**PROBLEM DETAILS**.
Would you please return the lines of the entries below starting at the line that has "Reply with one" and ending at the line that has "List them from left to right.", both included, exactly as they are?

(Entries taken from a collection)
== == ==

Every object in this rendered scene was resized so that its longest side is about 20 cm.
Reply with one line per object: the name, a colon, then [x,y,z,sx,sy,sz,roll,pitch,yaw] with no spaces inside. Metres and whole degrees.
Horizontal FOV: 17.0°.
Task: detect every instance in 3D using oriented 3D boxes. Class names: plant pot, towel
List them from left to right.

== == ==

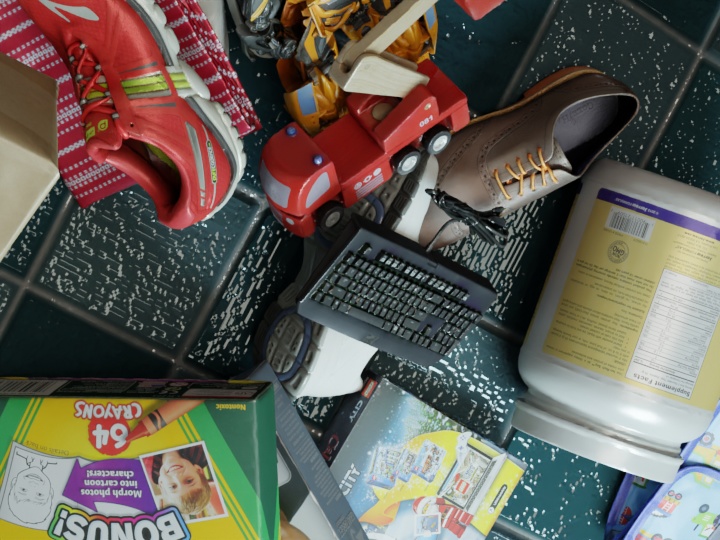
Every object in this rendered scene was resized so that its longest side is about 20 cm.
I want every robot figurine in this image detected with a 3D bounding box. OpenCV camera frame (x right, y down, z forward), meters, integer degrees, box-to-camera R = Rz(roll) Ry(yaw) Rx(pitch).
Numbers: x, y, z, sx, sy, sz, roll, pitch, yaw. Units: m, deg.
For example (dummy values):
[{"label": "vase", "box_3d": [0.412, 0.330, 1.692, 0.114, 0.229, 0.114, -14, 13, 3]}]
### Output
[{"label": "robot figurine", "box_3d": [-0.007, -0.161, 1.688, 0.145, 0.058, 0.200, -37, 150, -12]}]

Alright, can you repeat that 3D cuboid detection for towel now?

== == ==

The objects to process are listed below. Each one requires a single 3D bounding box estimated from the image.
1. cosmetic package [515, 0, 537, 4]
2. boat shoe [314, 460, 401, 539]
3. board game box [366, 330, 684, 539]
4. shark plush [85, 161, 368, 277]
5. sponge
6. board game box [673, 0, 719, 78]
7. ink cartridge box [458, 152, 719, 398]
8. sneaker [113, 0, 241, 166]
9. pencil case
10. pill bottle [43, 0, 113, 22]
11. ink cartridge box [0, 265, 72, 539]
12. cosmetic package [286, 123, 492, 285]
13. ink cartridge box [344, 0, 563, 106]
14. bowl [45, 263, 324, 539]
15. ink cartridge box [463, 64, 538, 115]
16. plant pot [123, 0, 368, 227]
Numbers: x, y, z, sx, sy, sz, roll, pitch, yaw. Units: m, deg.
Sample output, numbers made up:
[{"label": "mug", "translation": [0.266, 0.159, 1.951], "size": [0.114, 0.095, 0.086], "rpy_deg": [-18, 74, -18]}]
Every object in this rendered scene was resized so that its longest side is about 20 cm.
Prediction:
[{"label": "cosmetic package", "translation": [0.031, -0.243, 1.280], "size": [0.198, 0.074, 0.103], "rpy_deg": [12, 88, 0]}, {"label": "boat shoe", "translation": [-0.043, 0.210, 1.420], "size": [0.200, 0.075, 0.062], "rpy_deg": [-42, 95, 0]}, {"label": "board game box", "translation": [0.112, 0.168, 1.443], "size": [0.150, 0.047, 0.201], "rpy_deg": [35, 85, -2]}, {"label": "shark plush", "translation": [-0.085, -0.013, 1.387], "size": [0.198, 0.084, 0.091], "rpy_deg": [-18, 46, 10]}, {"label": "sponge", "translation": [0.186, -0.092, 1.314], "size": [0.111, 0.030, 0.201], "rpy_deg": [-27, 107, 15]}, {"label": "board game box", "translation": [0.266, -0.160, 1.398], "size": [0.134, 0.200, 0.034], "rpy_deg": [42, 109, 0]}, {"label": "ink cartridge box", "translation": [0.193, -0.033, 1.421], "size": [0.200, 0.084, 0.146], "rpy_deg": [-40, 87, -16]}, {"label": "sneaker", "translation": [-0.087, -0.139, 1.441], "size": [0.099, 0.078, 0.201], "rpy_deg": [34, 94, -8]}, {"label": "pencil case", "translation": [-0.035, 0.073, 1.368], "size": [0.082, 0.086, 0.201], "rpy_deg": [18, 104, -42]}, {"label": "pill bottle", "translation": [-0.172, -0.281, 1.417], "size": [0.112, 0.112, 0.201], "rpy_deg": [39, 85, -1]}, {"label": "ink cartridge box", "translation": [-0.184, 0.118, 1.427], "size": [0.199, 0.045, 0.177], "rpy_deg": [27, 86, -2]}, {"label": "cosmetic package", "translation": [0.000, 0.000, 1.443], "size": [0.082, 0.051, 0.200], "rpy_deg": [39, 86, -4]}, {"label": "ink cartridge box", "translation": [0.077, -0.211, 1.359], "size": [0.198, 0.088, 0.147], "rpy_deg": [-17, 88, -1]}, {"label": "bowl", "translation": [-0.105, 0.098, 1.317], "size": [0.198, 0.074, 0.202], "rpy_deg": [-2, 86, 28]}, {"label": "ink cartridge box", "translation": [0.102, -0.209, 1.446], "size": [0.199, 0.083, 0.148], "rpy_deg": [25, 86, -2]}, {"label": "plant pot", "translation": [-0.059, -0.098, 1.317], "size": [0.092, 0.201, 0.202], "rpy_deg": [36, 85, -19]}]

== == ==

**REPLY**.
Reply with one line per object: the name, a colon, then [x,y,z,sx,sy,sz,roll,pitch,yaw] with no spaces inside. Metres and whole degrees.
Horizontal FOV: 17.0°.
Task: detect every instance in 3D using oriented 3D boxes. Class names: plant pot, towel
List them from left to right.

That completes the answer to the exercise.